Acompaño a mi hijo en su fiebre gripal por los superhéroes y me trago, enterita, sabiendo de antemano lo que me espera, Iron Man 2. Ni el gracejo de Robert Downey Jr. ni los pechos postsoviéticos de Scarlett Johansson son capaces de mitigar mi aburrimiento. Pero es un fastidio dichoso y consentido. Ningún tiempo con Pitufo es tiempo perdido. Quiero creer que estoy sembrando en él la semilla del futuro cinéfilo. La carne de mi carne, y la sangre de mi sangre, transustanciada en celuloide. O en megabytes. 
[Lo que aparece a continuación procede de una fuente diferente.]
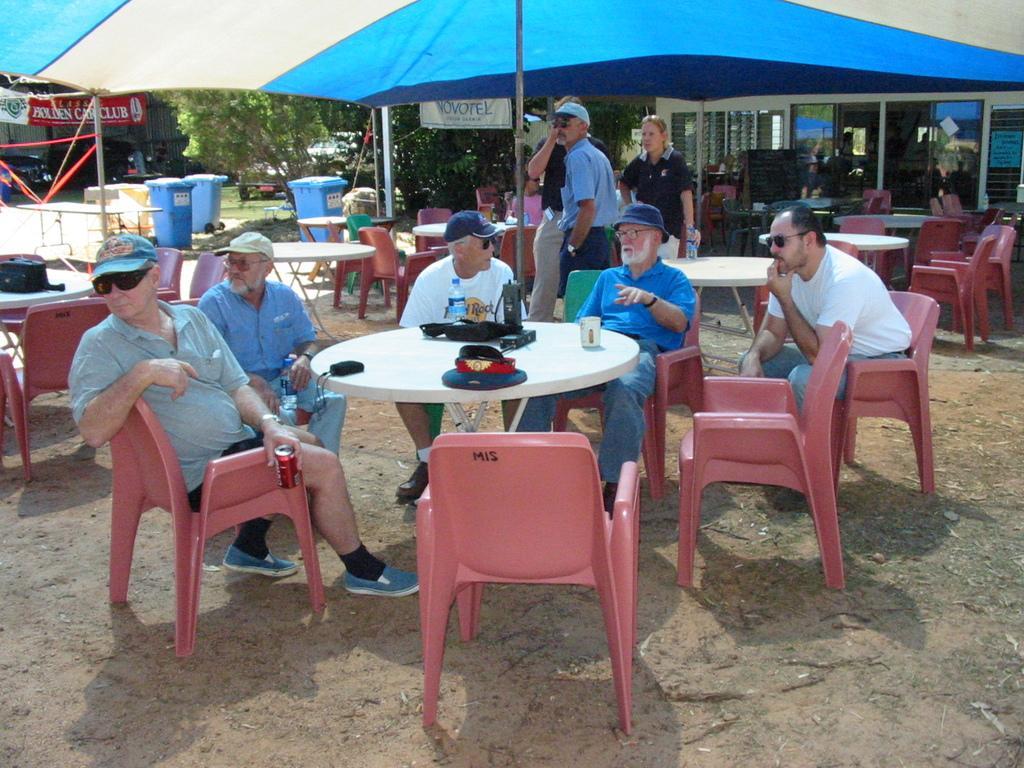Could you give a brief overview of what you see in this image? In this image we can see this people are sitting on the chairs around a table. In the background we can see tables and chairs, persons standing, trash cans, umbrellas, trees, cars, house and banners.

Nos hemos reído mucho con las malandanzas de Tony Stark. Ni yo termino de comulgar con lo que veo, ni Pitufo termina de tomarse en serio las fantasmadas de estos superhéroes. Pero comentamos muy animados los hostiazos, los pasotes, los giros grotescos de la trama. Quizá me puede el orgullo si afirmo que Pitufo es un espectador entregado, pero muy crítico. O quizá es que finge su madurez para que yo no reprenda su infantilismo, no sé. Cuando aparece Scarlett Johansson mostrando el escotazo, se instala entre nosotros un silencio incómodo.  Él sabe que yo sé, y yo sé que él sabe. Scarlett gusta a todos los hombres entre los doce y los noventa años. Es un imperativo biológico, imposible de soslayar. Pero sólo son segundos. Ahora que ya somos dos tíos mayores, y que sabemos de qué va la vaina,  rápidamente recomponemos la vergüenza, y hacemos chistecitos sobre las enormes dimensiones, o sobre los dinámicos bamboleos. Entre el adolescente que llega y el adolescente que nunca se fue, montamos una pequeña juerga como de chavales del instituto. 

Es una mierda, Iron Man 2. De lo peor que ha pasado por mi sacrosanta cartelera. Pero no cambiaría este rato por ninguno de los que paso en soledad viendo las obras maestras que propone Mark Cousins, o cualquier otro plasta de lo canónico, a bombo y platillo.